I also ordered an emergency key box. They’re not that easy to find, so I’ve added two KeySure suppliers to my Chastity Vendors links. This is a plastic box that snap-locks together and cannot be opened without breaking it. They are inexpensive and perfect for chastity keys that are only to be used only case of an actual (non-sexual) emergency.

My wife has a meeting away from home for an hour tonight. She’s mentioned several times leaving me tied up on our bed while she is out, and getting someone to come over and “babysit” me. Turns out she wasn’t able to find anyone for tonight, and she’s not comfortable leaving me unattended and in inescapable bondage. I guess I do appreciate that concern… (sigh)

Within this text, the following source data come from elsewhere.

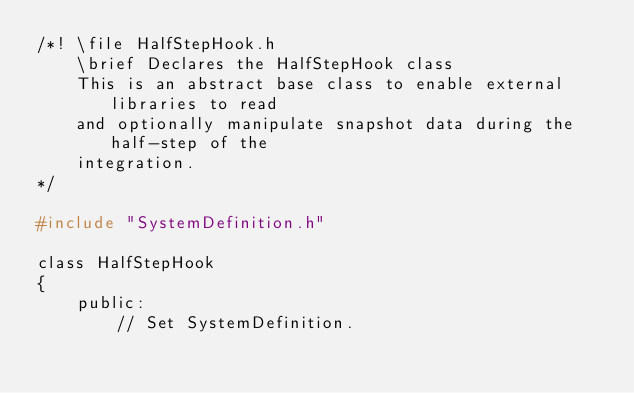Convert code to text. <code><loc_0><loc_0><loc_500><loc_500><_C_>/*! \file HalfStepHook.h
    \brief Declares the HalfStepHook class
    This is an abstract base class to enable external libraries to read
    and optionally manipulate snapshot data during the half-step of the
    integration.
*/

#include "SystemDefinition.h"

class HalfStepHook
{
    public:
        // Set SystemDefinition.</code>

However, she has recently made contact with another dominant woman online, and has set up a meeting with her so we can all talk and get to know each other. If there seems to be a reasonable fit, my wife said she might invite her over to double-team me, or maybe even use her to “babysit” me when she’s out. Ok, this part is not a mind-fuck, I know she’s serious about this possibility.

Have I mentioned that my wife is bisexual?